The Mysterious Case of The Missing Bile

On Saturday night at around 7:00pm something happened. The plastic bulb–the Jackson Pratt for those of you playing liver transplant bingo–that acts as a receptacle for the bile coming out of Derek stopped collecting bile. This was a dramatic change from the previous few days when it needed to be emptied every couple of hours. It seemed a little odd to both of us, but Derek felt ok and his jaundice was on the decline so we weren’t super worried. Not super, but a little. See, while we were at the hospital, anytime we would point out that there sure was a lot of bile, everyone would say, “Oh! That’s a GREAT sign! That means the liver is working.” So did no bile mean the liver wasn’t working? One of the surgeons referred to the dark substance filling up as “black gold” and said he’d never seen a liver fail that was producing that much good stuff.

Sunday when he woke up, still no bile. Hmmm. Vexing. At some point I remembered a conversation with one of the nurses about the path of least resistance when it comes to fluids. Maybe this was what was happening with Derek’s bile. The tube that is connected to the drain originates where bile is produced so if it isn’t going out the tube, then maybe it’s just going where it’s supposed to go? Maybe the liver is starting to function normally? Maybe all that food is working!

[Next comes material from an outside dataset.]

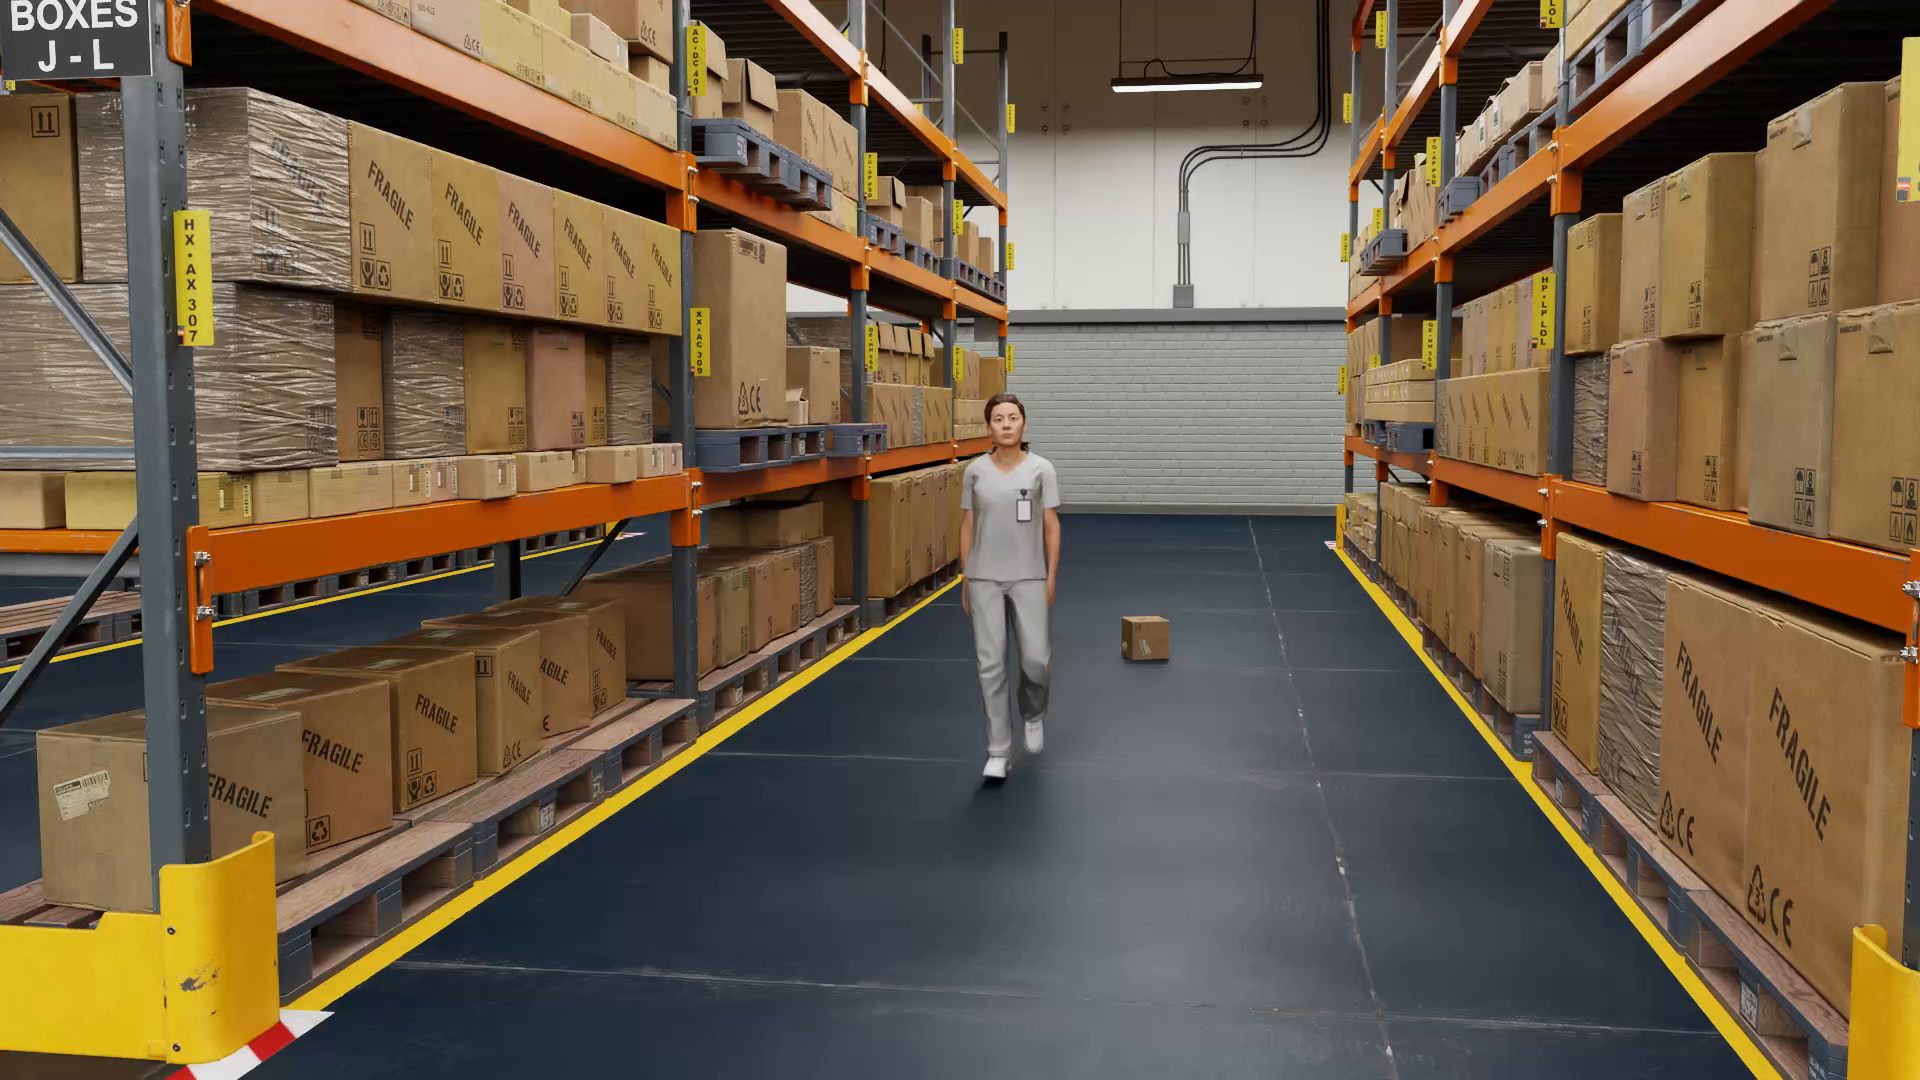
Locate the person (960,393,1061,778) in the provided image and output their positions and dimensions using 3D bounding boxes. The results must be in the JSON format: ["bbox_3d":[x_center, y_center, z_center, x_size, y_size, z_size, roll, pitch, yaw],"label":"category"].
[{"bbox_3d":[0.218,0.196,7.301,0.444,1.637,0.566,1,5,7],"label":"person"}]

Curiosity got the better of me and I called the answering service at the hospital and asked if the surgeon on call could give me a call back. Minutes later one of my surgeons called back. I explained my observations to him, reported on Derek’s vitals and asked what he thought. Without hesitation he said that’s what is bound to happen, and when Derek goes in for his appointment on Tuesday, they will likely remove the JP bulb and cap the tube. (The tube has to stay in for awhile for a couple of reasons. One so they can inject dye if they need to, and two because there’s a stitch holding it in place and they need to wait for it to dissolve so the tube will come out easier.) I asked if my path of least resistance theory was correct and he said, yes, exactly. I told him I was working on an honorary degree as a Derek liver specialist. He laughed and then asked how I was doing. I told him I was doing great, and thanked him for taking such good care of me. He told me to call anytime with questions.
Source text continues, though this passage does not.